In yet another supply chain attack, a “sophisticated” threat actor has compromised an update of password manage Passwordstate that was available for download for more than two days before the malicious activity was discovered.
Click Studios, the Australian company that owns Passwordstate, said customers that performed an in-place upgrade between April 20, at 8:33 p.m. UTC and April 22, 12:30 a.m. UTC, “had the potential to download a malformed Passwordstate_upgrade.zip file.”
According to the company’s advisories on the incident, the initial compromise was made to the upgrade director on Click Studios’ website.
“The upgrade director points the In-Place Upgrade to the appropriate version of software located on the Content Distribution Network,” the company said. “The compromise existed for approximately 28 hours before it was closed down.”
The company didn’t disclose how many victims were affected, but said that number should be relatively low. However, customers that did download the malicious file could have their password records harvested.
Regardless, customers are being asked to reset all stored passwords – especially for VPNs, firewalls, switches, local accounts or any server passwords.
Here’s more from Click Studios’ advisory:
When the In-Place Upgrade capability processes the malformed Passwordstate_upgrade.zip a modified moserware.secretsplitter.dll, with a size of 65kb, is loaded. This subsequently downloads an additional file upgrade_service_upgrade.zip file from a bad actors CDN network, starts a new background thread, converts the upgrade_service_upgrade.zip to a .NET assembly only stored in memory and begins processing.
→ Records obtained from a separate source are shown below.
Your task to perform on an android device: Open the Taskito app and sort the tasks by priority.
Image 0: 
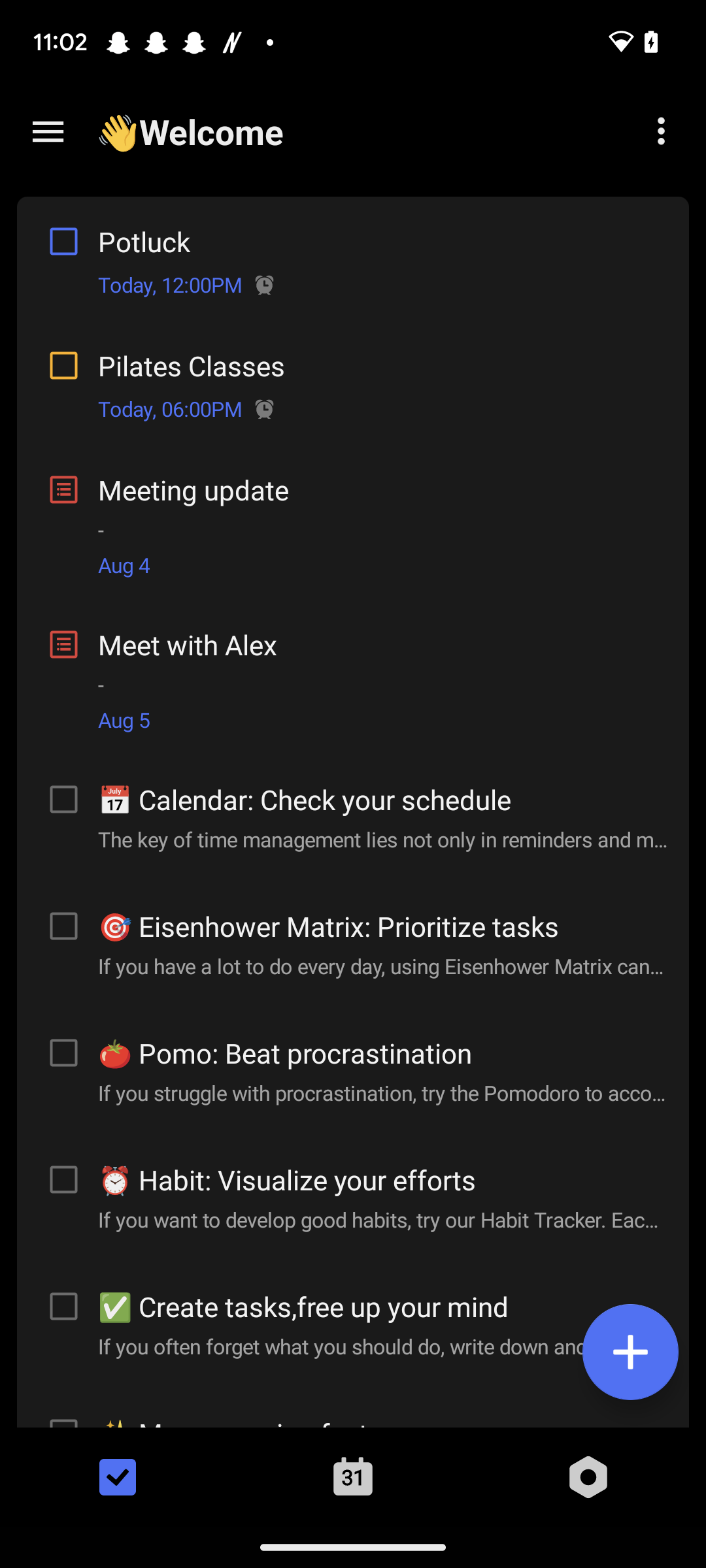
Open the Taskito app
Step 0: open app "Taskito"
Image 1: 
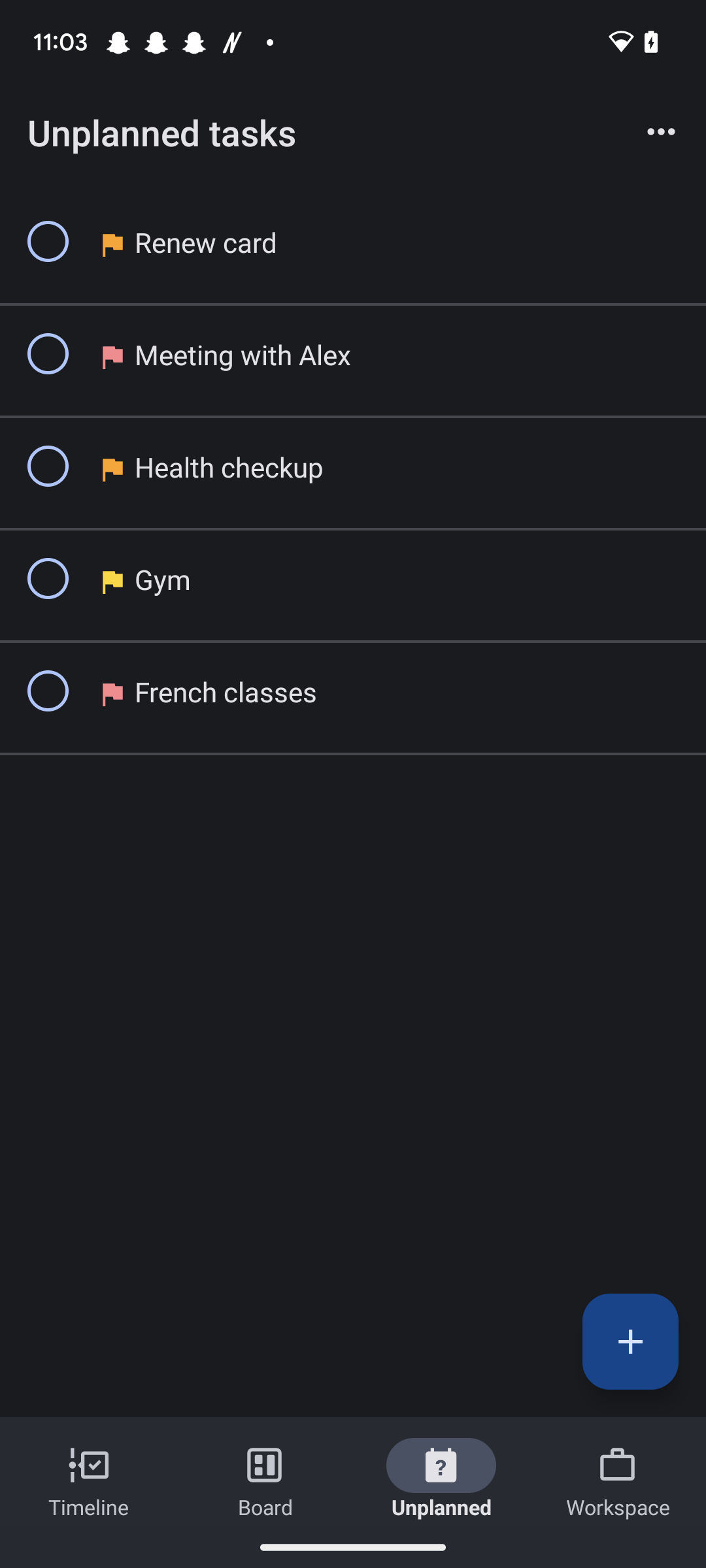
Click on the three dots at the top right corner of the screen
Step 1: click (661, 131)
Image 2: 
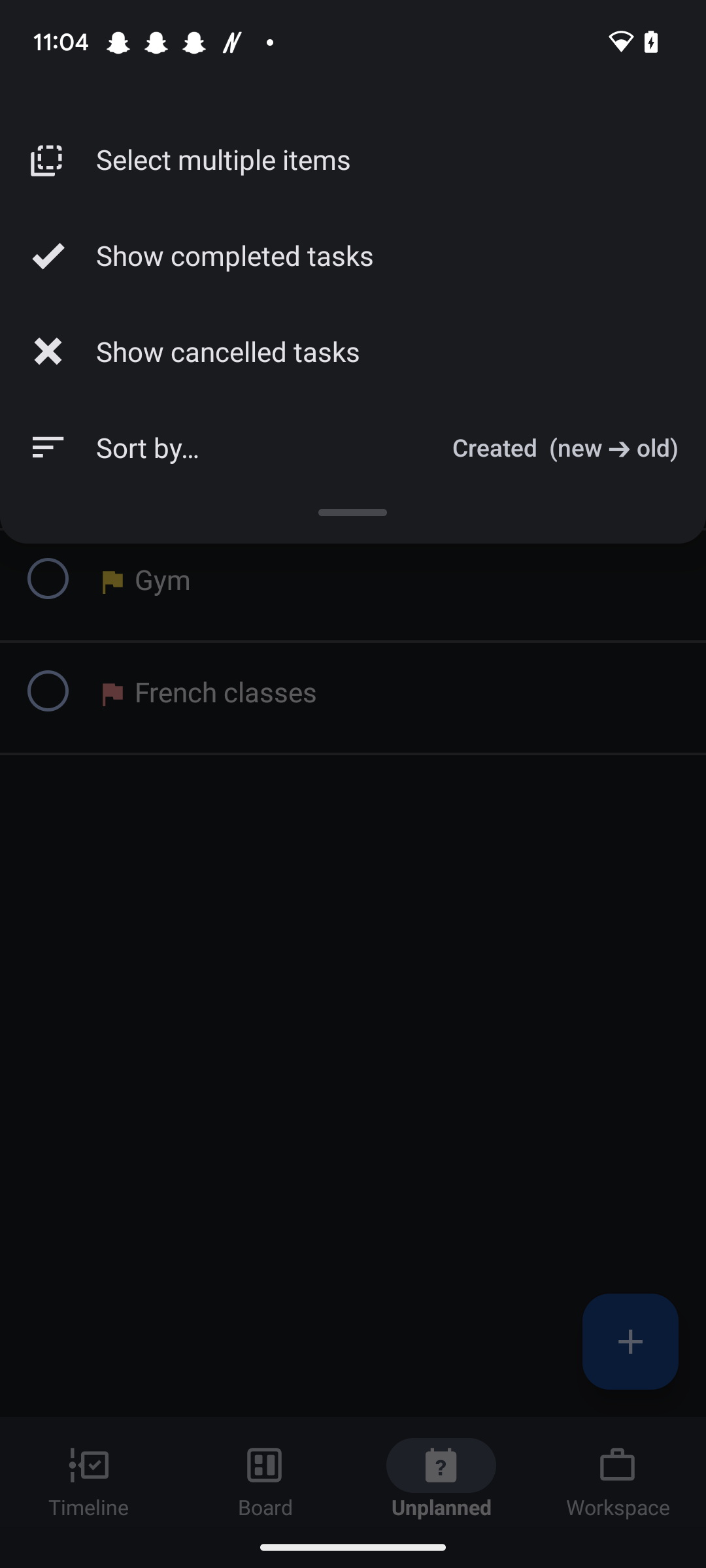
Click on the sort by option
Step 2: click (226, 447)
Image 3: 
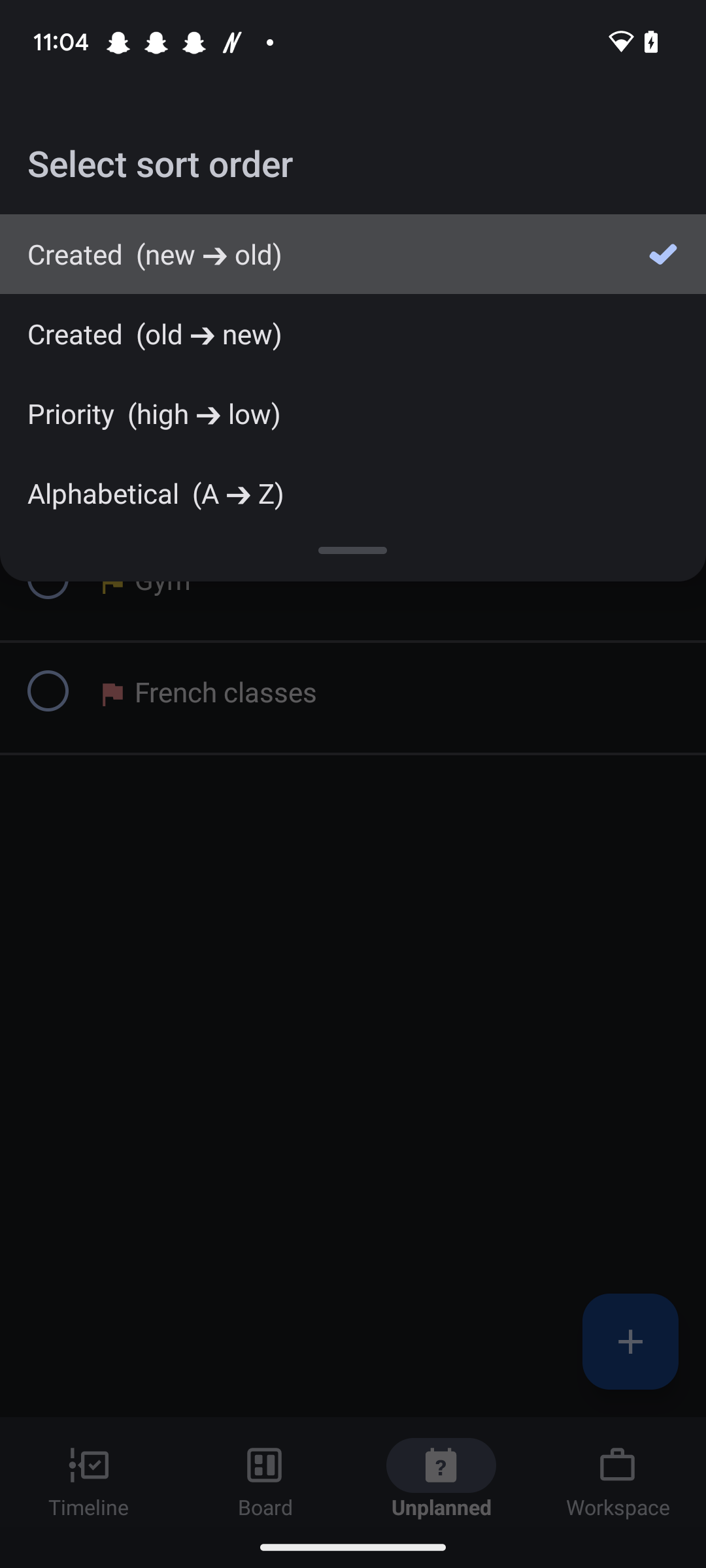
Click on the Priority option
Step 3: click (353, 413)

The process extracts information about the computer system, and selects Passwordstate data, which is then posted to the bad actors CDN network. On completion the thread is then slept for 1 day.
Analysis of compromised data indicates the following information is posted back:
Computer Name, User Name, Domain Name, Current Process Name, Current Process Id, All running Processes name and ID, All running services name, display name and status, Passwordstate instance’s Proxy Server Address, Username and Password
The following fields in Passwordstate instance’s password table is posted back:
Title, UserName, Description, GenericField1, GenericField2, GenericField3, Notes, URL, Password
The Domain Name and Host name aren’t extracted as part of that process, and there isn’t evidence of encryption keys or database connection strings being posted to the bad actor CDN network, the company says.
CSIS Security Group A / S, a Dutch cybersecurity company, also posted an analysis of the attack.